Home / Mobile / iPhones can now automatically recognize and label buttons and UI features for blind users

iPhones can now automatically recognize and label buttons and UI features for blind users

Apple has always gone out of its way to build features for users with disabilities, and VoiceOver on iOS is an invaluable tool for anyone with a vision impairment — assuming every element of the interface has been manually labeled. But the company just unveiled a brand new feature that uses machine learning to identify and label every button, slider and tab automatically.
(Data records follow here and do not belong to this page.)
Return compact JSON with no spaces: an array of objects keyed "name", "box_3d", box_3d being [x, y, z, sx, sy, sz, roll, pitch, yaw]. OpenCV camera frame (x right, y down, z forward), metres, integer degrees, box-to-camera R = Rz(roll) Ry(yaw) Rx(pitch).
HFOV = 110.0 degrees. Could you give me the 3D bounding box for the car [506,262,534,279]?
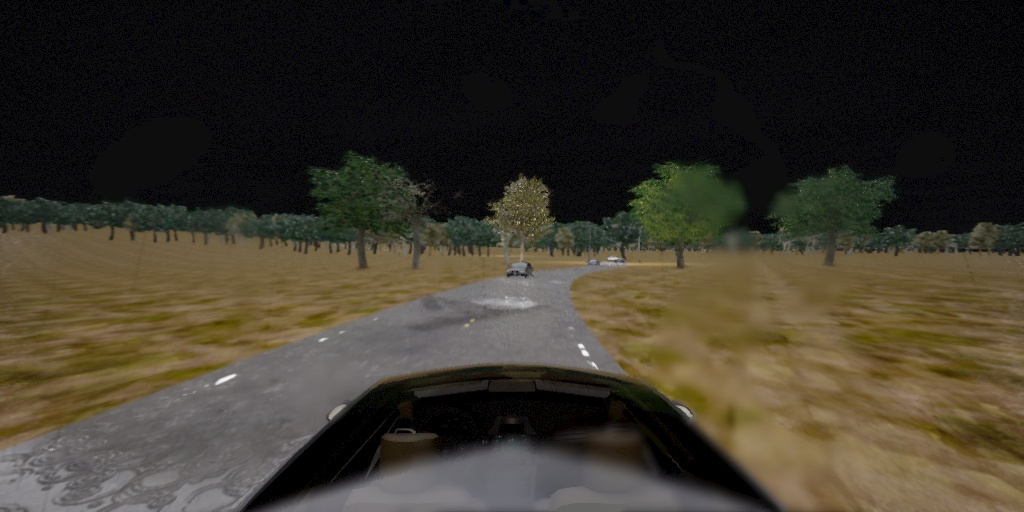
[{"name":"car","box_3d":[0.843,1.298,33.658,1.837,1.490,4.892,1,0,15]}]
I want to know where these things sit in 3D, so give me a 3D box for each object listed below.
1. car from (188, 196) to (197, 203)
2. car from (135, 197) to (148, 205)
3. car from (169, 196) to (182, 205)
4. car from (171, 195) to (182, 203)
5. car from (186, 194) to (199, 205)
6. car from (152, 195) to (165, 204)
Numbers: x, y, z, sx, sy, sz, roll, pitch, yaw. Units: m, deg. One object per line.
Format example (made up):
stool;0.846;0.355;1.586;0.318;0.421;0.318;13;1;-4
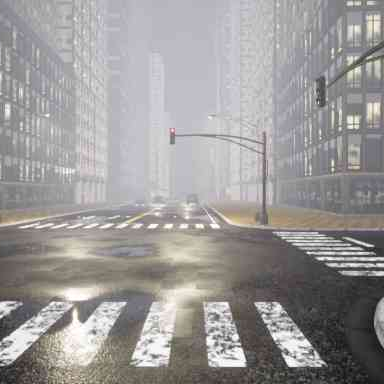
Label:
car;0.107;1.540;70.550;1.994;1.385;4.181;0;0;0
car;-9.653;1.663;64.314;2.033;1.411;5.357;0;0;0
car;-3.159;1.702;60.167;1.895;1.301;4.718;0;0;0
car;-3.144;1.495;70.138;2.128;1.511;4.902;0;0;0
car;0.091;1.322;60.163;2.150;2.045;5.566;0;0;0
car;-6.403;1.468;64.340;2.097;1.767;4.553;0;0;0
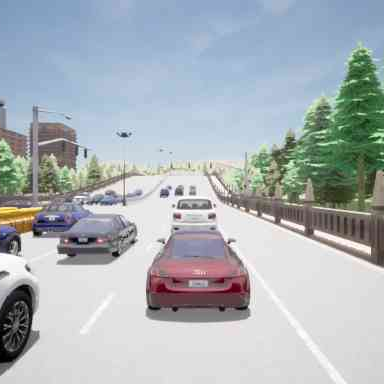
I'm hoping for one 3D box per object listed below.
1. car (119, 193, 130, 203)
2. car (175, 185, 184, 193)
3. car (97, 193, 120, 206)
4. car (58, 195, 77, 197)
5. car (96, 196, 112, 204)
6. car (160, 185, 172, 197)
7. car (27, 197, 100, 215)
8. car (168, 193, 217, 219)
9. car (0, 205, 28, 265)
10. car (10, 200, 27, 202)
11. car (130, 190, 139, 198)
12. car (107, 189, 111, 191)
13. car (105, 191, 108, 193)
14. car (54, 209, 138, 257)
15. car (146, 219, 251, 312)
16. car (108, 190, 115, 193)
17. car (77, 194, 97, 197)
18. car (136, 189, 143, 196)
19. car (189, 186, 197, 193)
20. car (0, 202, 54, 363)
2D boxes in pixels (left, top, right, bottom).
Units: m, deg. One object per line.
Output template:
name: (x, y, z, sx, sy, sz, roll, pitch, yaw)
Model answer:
car: (-13.963, 1.448, 65.362, 1.812, 1.442, 4.674, 0, 1, 0)
car: (-3.334, -0.282, 85.970, 2.150, 2.045, 5.566, 0, 7, 0)
car: (-14.016, 1.471, 56.054, 1.882, 1.535, 5.008, 0, 0, 0)
car: (-21.081, 1.351, 54.206, 2.097, 1.767, 4.553, 0, 0, 2)
car: (-17.444, 1.499, 66.244, 1.895, 1.301, 4.718, 0, 2, 0)
car: (-6.847, -0.066, 84.048, 2.150, 2.045, 5.566, 0, 7, 0)
car: (-6.935, 1.352, 18.492, 2.097, 1.767, 4.553, 0, 0, -1)
car: (0.115, 1.222, 17.210, 2.150, 2.045, 5.566, 0, 0, 0)
car: (-6.892, 1.352, 9.562, 2.097, 1.767, 4.553, 0, 0, 0)
car: (-18.330, 1.547, 36.196, 5.357, 1.411, 2.033, 0, 0, -19)
car: (-13.905, 0.943, 75.236, 1.882, 1.535, 5.008, 0, 3, 0)
car: (-20.846, 0.179, 84.219, 1.882, 1.535, 5.008, 0, 6, 0)
car: (-20.914, 1.101, 73.879, 2.033, 1.411, 5.357, 0, 3, 0)
car: (-3.394, 1.547, 12.912, 2.033, 1.411, 5.357, 0, 0, 0)
car: (0.109, 1.564, 7.803, 1.994, 1.385, 4.181, 0, 0, 0)
car: (-17.398, 1.002, 76.188, 1.895, 1.301, 4.718, 0, 3, 0)
car: (-17.505, 1.484, 57.110, 2.128, 1.511, 4.902, 0, 0, 1)
car: (-13.839, 0.049, 85.362, 1.882, 1.535, 5.008, 0, 6, 0)
car: (0.168, -0.022, 86.368, 2.128, 1.511, 4.902, 0, 7, 0)
car: (-3.396, 1.221, 2.721, 2.150, 2.045, 5.566, 0, 0, 0)

Screen Recognition, available now in iOS 14, is a computer vision system that has been trained on thousands of images of apps in use, learning what a button looks like, what icons mean and so on. Such systems are very flexible — depending on the data you give them, they can become expert at spotting cats, facial expressions or, as in this case, the different parts of a user interface.

The result is that in any app now, users can invoke the feature and a fraction of a second later every item on screen will be labeled. And by “every,” they mean every — after all, screen readers need to be aware of every thing that a sighted user would see and be able to interact with, from images (which iOS has been able to create one-sentence summaries of for some time) to common icons (home, back) and context-specific ones like “…” menus that appear just about everywhere.

The idea is not to make manual labeling obsolete — developers know best how to label their own apps, but updates, changing standards and challenging situations (in-game interfaces, for instance) can lead to things not being as accessible as they could be.

I chatted with Chris Fleizach from Apple’s iOS accessibility engineering team, and Jeff Bigham from the AI/ML accessibility team, about the origin of this extremely helpful new feature. (It’s described in a paper due to be presented next year.)

A phone showing a photo of two women smiling and voiceover describing the photo

Image Credits: Apple

“We looked for areas where we can make inroads on accessibility, like image descriptions,” said Fleizach. “In iOS 13 we labeled icons automatically — Screen Recognition takes it another step forward. We can look at the pixels on screen and identify the hierarchy of objects you can interact with, and all of this happens on device within tenths of a second.”

The idea is not a new one, exactly; Bigham mentioned a screen reader, Outspoken, which years ago attempted to use pixel-level data to identify UI elements. But while that system needed precise matches, the fuzzy logic of machine learning systems and the speed of iPhones’ built-in AI accelerators means that Screen Recognition is much more flexible and powerful.

It wouldn’t have been possible just a couple of years ago — the state of machine learning and the lack of a dedicated unit for executing it meant that something like this would have been extremely taxing on the system, taking much longer and probably draining the battery all the while.

But once this kind of system seemed possible, the team got to work prototyping it with the help of their dedicated accessibility staff and testing community.

“VoiceOver has been the standard-bearer for vision accessibility for so long. If you look at the steps in development for Screen Recognition, it was grounded in collaboration across teams — Accessibility throughout, our partners in data collection and annotation, AI/ML, and, of course, design. We did this to make sure that our machine learning development continued to push toward an excellent user experience,” said Bigham.